Differentiate $y = {e^{3x}}\sin 4x$ with respect to x.

Answer 1

Hint: The function to be differentiated is a product of two functions of x. Hence, use product rules to differentiate it and then simplify the terms.

Complete step-by-step answer:

We observe that the term to be differentiated is the product of two functions ${e^{3x}}$ and sin(4x).

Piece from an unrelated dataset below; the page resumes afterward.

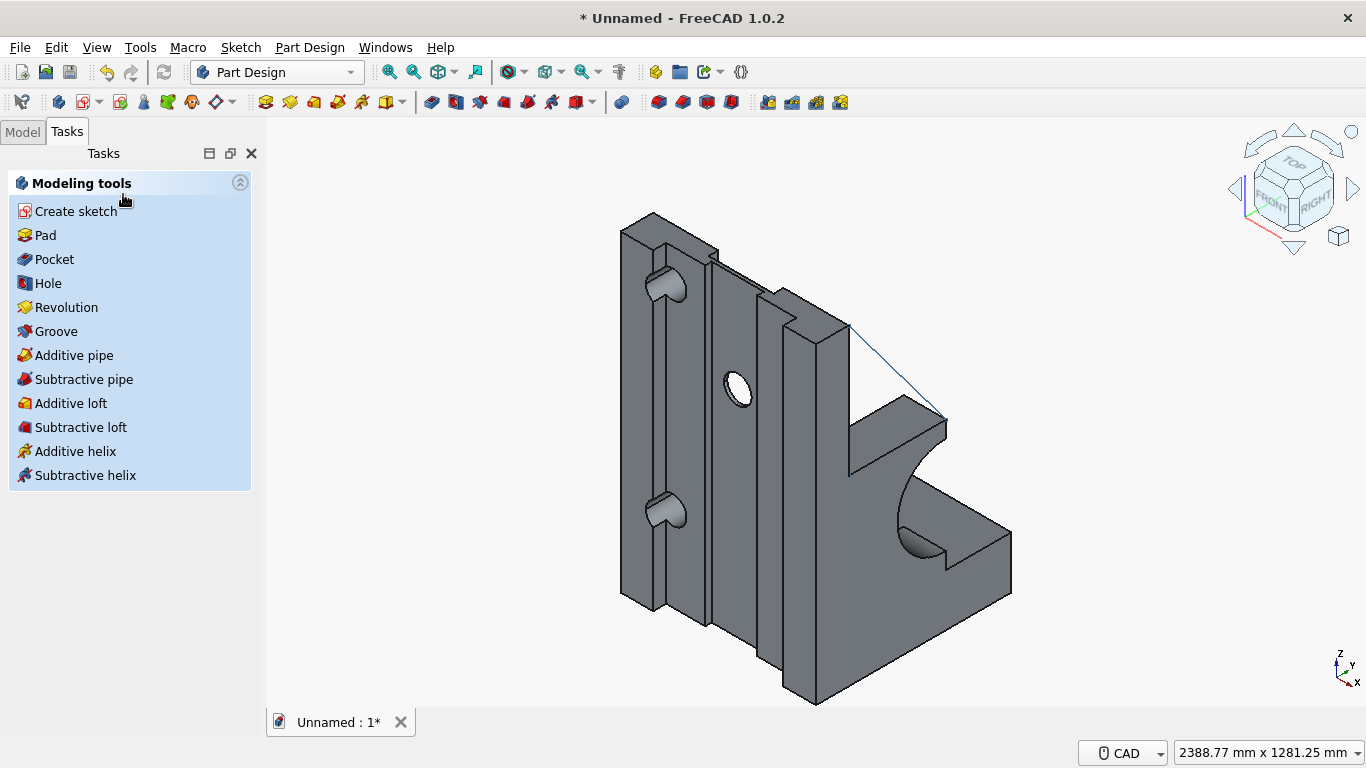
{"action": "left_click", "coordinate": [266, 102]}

We know that to differentiate these terms, we must use the product rule of differentiation.
The product rule of differential calculus states that the differentiation of a product of two functions is the sum of products of one function and the differentiation of the other function and it is given as
follows:
$(uv)' = uv' \+ u'v.........(1)$
where u and v are two functions of x and u’ and v’ are differentiation of u and v with respect to x
respectively.

It is given that,
$y = {e^{3x}}\sin 4x........(2)$
We differentiate both sides of the equation (2) to get an expression for $\dfrac{{dy}}{{dx}}$.
$\Rightarrow$ $\dfrac{{dy}}{{dx}} = \dfrac{d}{{dx}}\left( {{e^{3x}}\sin 4x} \right)..........(3)$
Using the formula in equation (1) in equation (3), we get the following:
$\Rightarrow$ $\dfrac{{dy}}{{dx}} = {e^{3x}}\dfrac{d}{{dx}}\left( {\sin 4x} \right) + \sin 4x\dfrac{d}{{dx}}\left({{e^{3x}}} \right)..........(3)$

We know that differentiation of sin(ax) is a.cos(ax) and the differentiation of ${e^{ax}}$ is
$a{e^{ax}}$. Using these formulas to simplify equation (3), we get:
$\Rightarrow$ $\dfrac{{dy}}{{dx}} = {e^{3x}}.4\cos 4x + \sin 4x.3{e^{3x}}$
Taking ${e^{3x}}$ as a common term, we get the final expression as:
$\Rightarrow$ $\dfrac{{dy}}{{dx}} = {e^{3x}}(4\cos 4x + 3\sin 4x)$
Hence, the answer is ${e^{3x}}(4\cos 4x + 3\sin 4x)$.

Note: You can easily forget the constant term when differentiating sin(4x) and ${e^{3x}}$ and the you might get the final answer as ${e^{3x}}(\cos 4x + \sin 4x)$, which is wrong. This question is an example for application of the product rule of differentiation.